# Overview

This notebook demonstrates how we triangulate predicted manhole detections from multi-view street imagery to obtain robust 3D candidate locations.

## What this notebook covers
- Load COCO-style predictions and image metadata
- Project per-detection centroids to world-space rays
- Compute pairwise closest-approach intersections between rays
- Peeling clustering to suppress ambiguous crossings and consolidate consistent hypotheses
- Export final 3D candidates as a GeoDataFrame

## Inputs
- COCO predictions: polygons, score, area
- Camera metadata: per-frame pose and intrinsics (cylindrical pano or cube-map)
- Parameters: intersection threshold, clustering threshold, update radius, max missing frames

## Key functions (from `triangulation.py` and `projection.py`)
- `cylin_pano_proj_ray` / `cubemap_pano_proj_ray`: build rays per frame
- `compute_ray_intersection`: closest-approach test and filtering
- `triangulation_peeling`: iterative clustering and candidate maintenance

## Expected outputs
- GeoDataFrame of candidate points with attributes:
  - elevation, number of supporting intersections
  - intersection length statistics (diagnostics)

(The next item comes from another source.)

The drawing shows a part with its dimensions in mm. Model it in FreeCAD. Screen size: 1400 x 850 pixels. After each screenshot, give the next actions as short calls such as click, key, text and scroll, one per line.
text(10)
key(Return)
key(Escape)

Tip: Start by running the parameter/config cells, then proceed section-by-section. Adjust thresholds if results look too sparse/dense.


In [1]:
import os
import sys

# Add the project root to the Python path
project_root = os.path.abspath(os.path.join(os.getcwd(), '../..'))
sys.path.append(project_root)

import numpy as np
import geopandas as gpd
from scripts.utils.projection import *
from scripts.utils.triangulation import *

from functools import partial
from shapely.geometry import Point

# Metadata Pre-process

Load camera trajectory and detected object mask polygon. Prepare temporal-spatial iteration geopandas DataFrame in camera(image) frame unit.


In [None]:
# set file path
csv_traject = '../../data/neuchatel/ne_traject.csv'
coco_file_path = '../../data/infer/run02/infer_full/RCNE/oth_COCO_panoptic_detections.json'

In [None]:
# Read the trajectory CSV as a DataFrame
traject = pd.read_csv(csv_traject)

images_df, ann_gdf = load_coco_inferences(coco_file_path, t_score=0.7)

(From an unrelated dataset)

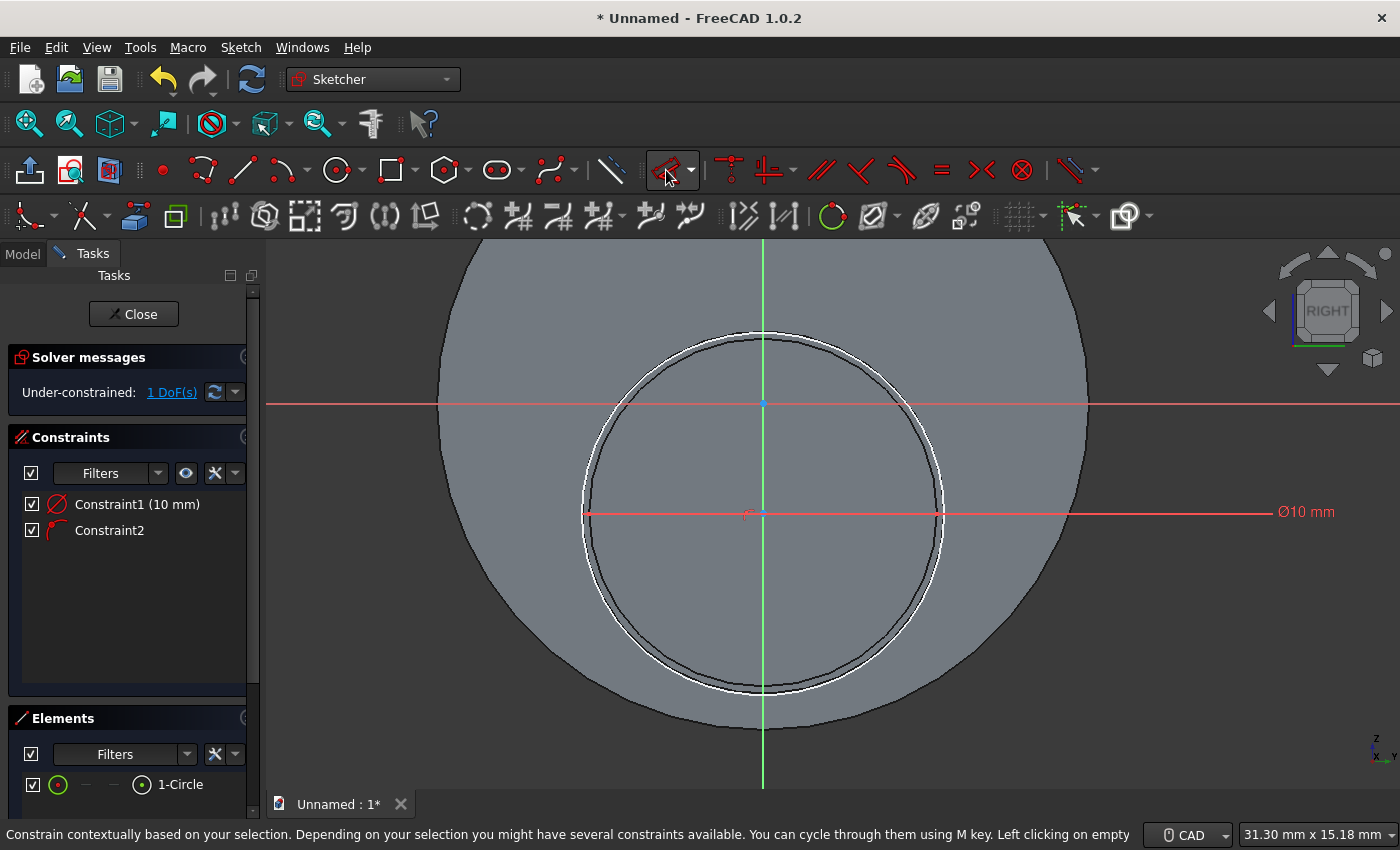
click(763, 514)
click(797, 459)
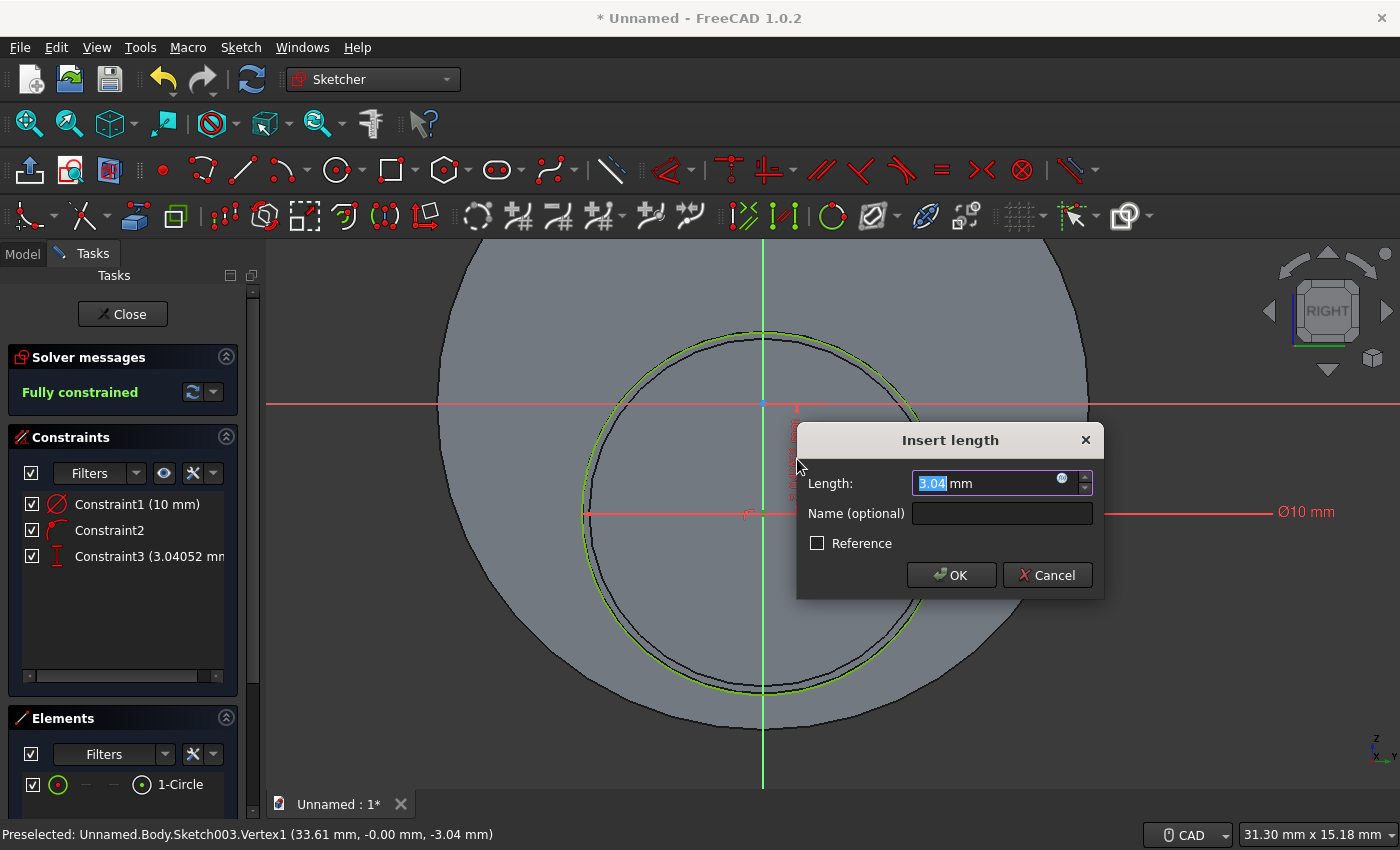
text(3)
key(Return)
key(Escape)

traject['file_name'] = traject['file_name'].str.replace(r'\.\w+$', '', regex=True)
images_df['file_name'] = images_df['file_name'].str.replace(r'\.\w+$', '', regex=True)

trajectory dataframe must contain following information for each spherial panoramic image:
 - Position (x, y, z in meters)
 - Orientation (yaw/heading, pitch, roll in degree)
 - Time (gps acquisition time)
 - File name (image file name with/without file type suffix)

In [3]:
traject.tail()

Unnamed: 0,gpsimgdirection,gpspitch,gpsroll,datetimeoriginal,gpslatitude,gpslongitude,gps_sec_s_,file_name,x_m_,y_m_,z_m_,x,y,z,URL
10833,62.717771,-3.818139,-1.482756,305978.99593,6.526556,46.874336,305979,20200408_135016_001091,2530469.497,1191873.376,803.424,2530469,1191873,803,https://sitn.ne.ch/web/images/photos360/assets...
10834,62.541726,-3.690216,-1.252783,305978.64595,6.526614,46.874358,305979,20200408_135016_001090,2530473.956,1191875.766,803.324,2530473,1191875,803,https://sitn.ne.ch/web/images/photos360/assets...
10835,242.095375,-1.169486,1.924816,306497.47495,6.526644,46.874342,306497,20200408_135016_002386,2530476.199,1191873.894,803.364,2530476,1191873,803,https://sitn.ne.ch/web/images/photos360/assets...
10836,242.005249,-1.289378,1.989834,306497.09495,6.526586,46.874319,306497,20200408_135016_002385,2530471.777,1191871.458,803.464,2530471,1191871,803,https://sitn.ne.ch/web/images/photos360/assets...
10837,241.937913,-1.651241,2.100855,306496.33496,6.526471,46.874274,306496,20200408_135016_002383,2530462.945,1191866.565,803.664,2530462,1191866,803,https://sitn.ne.ch/web/images/photos360/assets...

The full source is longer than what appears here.